The rain was hitting the big front window in Keith’s house head-on, blown by the howling gale of the thunderstorm. Big gobs of rain smacking the glass like they were being fired from a gun. First rain in... weeks? Months? It felt like a lifetime.

In fact, Darrell had been on his porch, just watching the rain fall, marvelling at the thick, moist air, when he’d seen Keith waving at him to come over. No, nothing’s the matter, Keith said, just bored, come have a beer with me.

Now it was three beers, and not bottles—those tall cans, some of that English stuff that everyone in the neighbourhood seemed to drink nowadays. Not something he’d go and buy himself, but it was okay, and beer’s beer.

Keith had started out talking about Reagan and Ollie North and all that. Darrell watched the news about the hearings at first, but had soon lost interest. Iran, Nicaragua—basically Russian satellite states. You could trust Ronnie about that kind of stuff. And all the things Keith was saying—well, half was probably bullshitting and the other half must have been just his weird, sarcastic sense of humour. They had both powered their way through their beers, filling the gaps. Darrell felt fine now.
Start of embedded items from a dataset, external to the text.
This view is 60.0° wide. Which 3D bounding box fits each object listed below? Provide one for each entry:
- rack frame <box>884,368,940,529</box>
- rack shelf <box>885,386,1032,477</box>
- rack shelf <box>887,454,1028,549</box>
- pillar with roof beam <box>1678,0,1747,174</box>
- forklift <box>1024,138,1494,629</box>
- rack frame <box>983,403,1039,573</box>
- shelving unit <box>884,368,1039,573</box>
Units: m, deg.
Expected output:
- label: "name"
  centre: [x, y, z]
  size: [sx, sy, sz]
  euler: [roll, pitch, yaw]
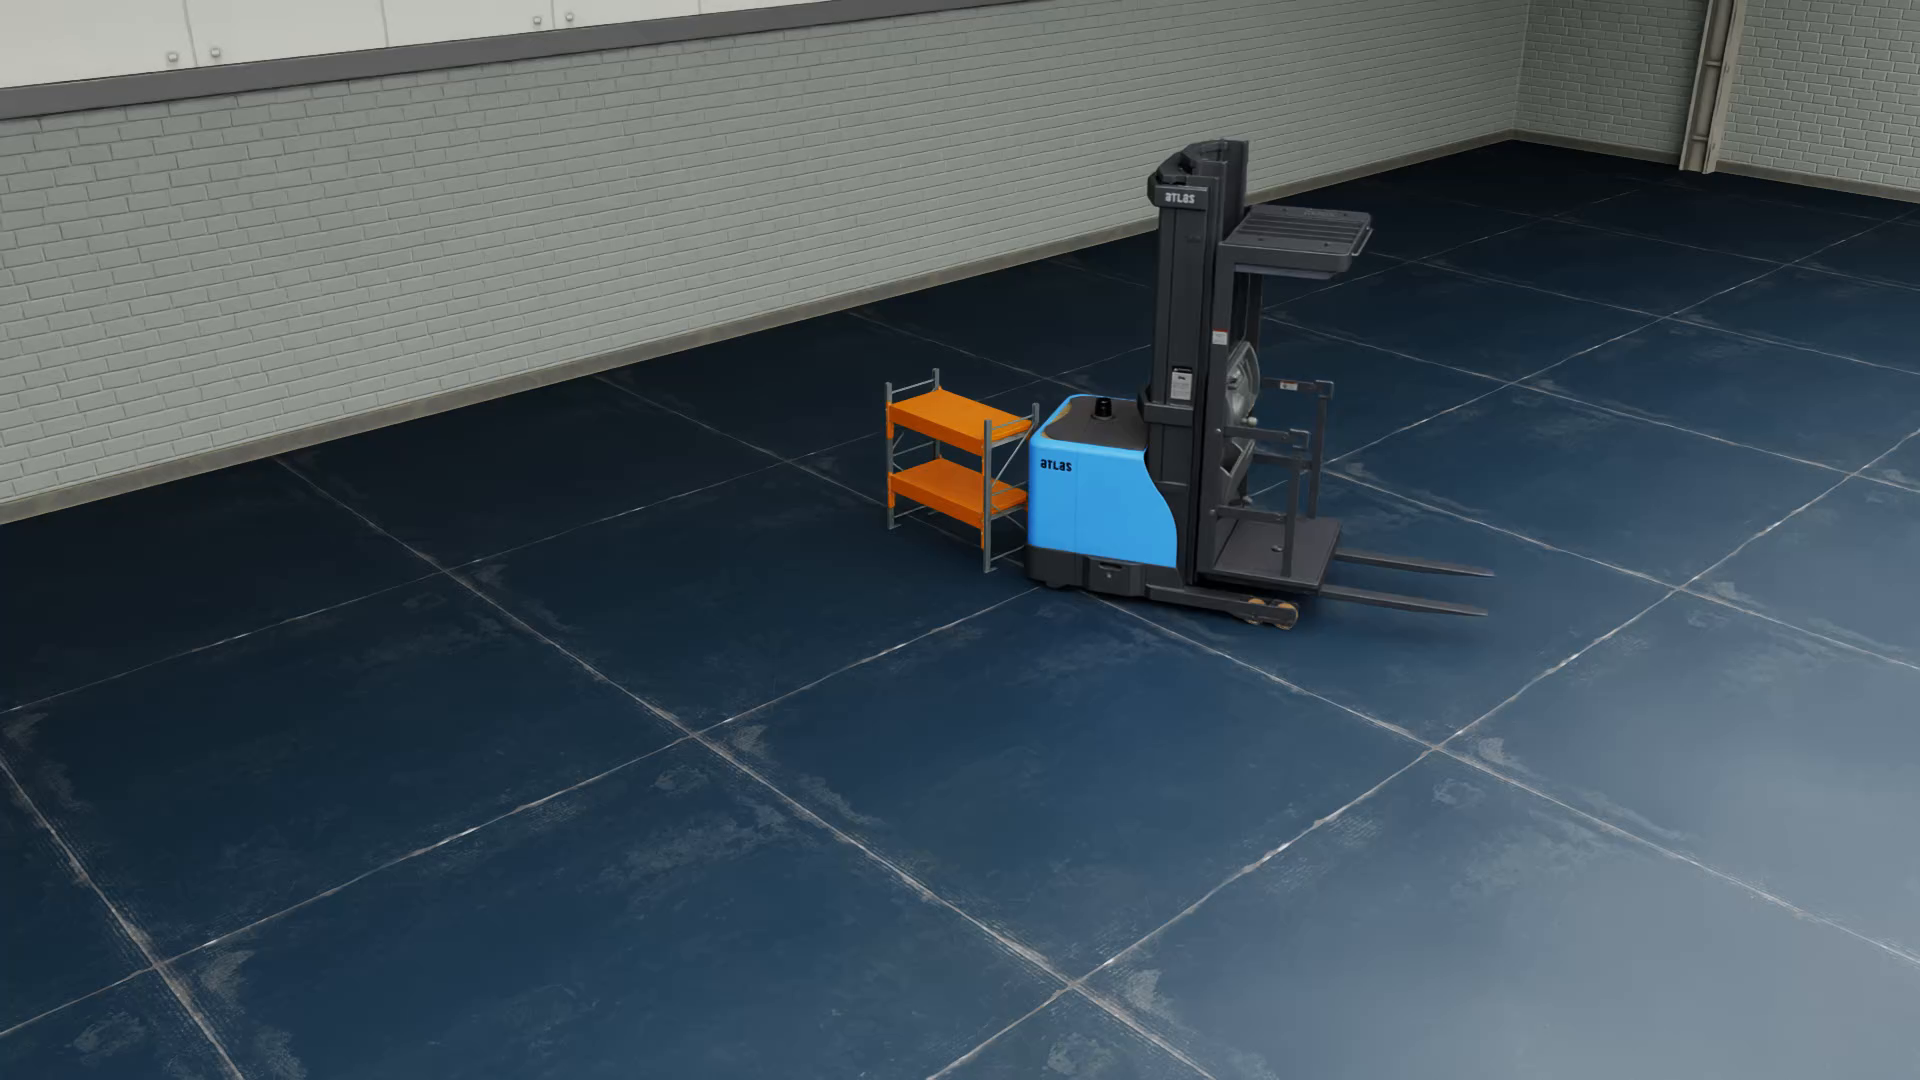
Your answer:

“’Nother?” Keith asked, waggling his own empty can in Darrell’s direction.

“Nah, I—” Darrell suppressed a slight belch.

“Aw, c’mon,” Keith said, heaving himself to his feet. “Lisa’s out. Can’t mow the lawn today. Let’s relax. Enjoy it.”

Sherrie was gone for the day too, gone shopping for material with her friend Anna. Staying home from that was reason enough to celebrate. “Awright,” Darrell agreed.

“Attaboy,” Keith said. Darrell was going to add “just one more,” but thought better of it. Who cared?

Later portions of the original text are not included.